Active restoration work on the Tye River Mitigation Bank has been completed. Non-organic debris has all been removed from the streams and associated wetlands (old tires, rusted car parts, steel posts and more.) New channels and floodplains have been constructed where once only deep trenches cut through the property. Biodiversity within the hundreds of acres of restored riparian buffer has been augmented with more than 100,000 native transplants. Years of invasives management has been conducted. Monitoring of more than 1500 sample sites within the project shows consistent and continued ecological uplift over the first five years.
All this work will continue to benefit the Tye River and all who use and enjoy this precious Virginia resource.

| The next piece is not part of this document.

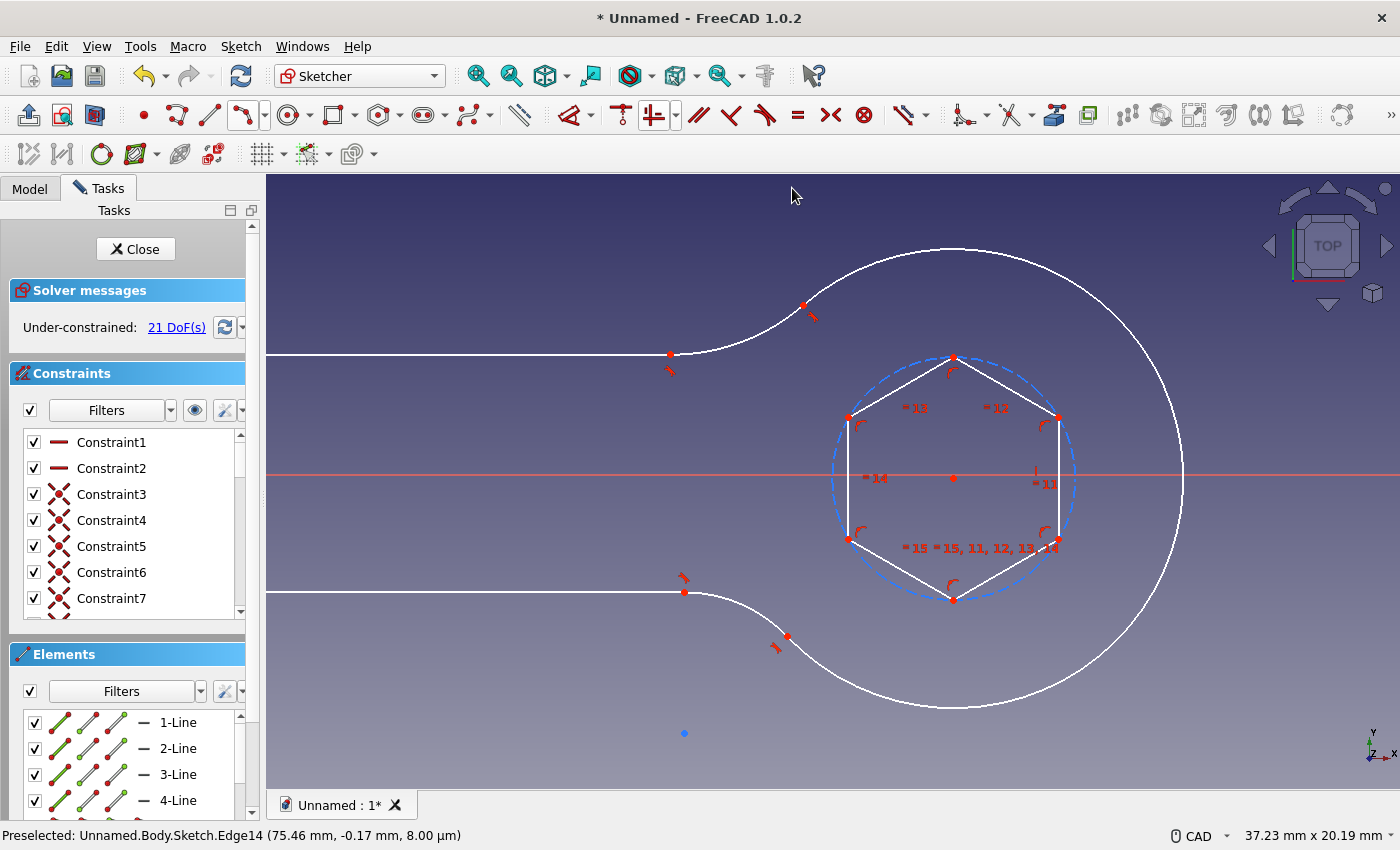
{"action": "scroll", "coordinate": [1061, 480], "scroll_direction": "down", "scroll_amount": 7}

Invasives management work and monitoring will continue with teams prioritizing management activities by careful GPS tracking. The original targeted species in this project included autumn olive, Japanese honeysuckle, aralia, multiflora rose, privet, wineberry, ailanthus, and Japanese barberry. Monitoring to date shows the persistent work yielding significant success in control of non-natives over the bank site.
In 2024 again, plantings finished with the installation of more than 25 species of native trees and shrubs - some 25,000, native bare roots, live stakes, tubelings and container plants installed along 15 different streams.
With all this work in the ground, the Tye River Mitigation bank is proud to have achieved such a beautiful, sustainable and ecologically significant benchmark. Thanks to all for your hard work!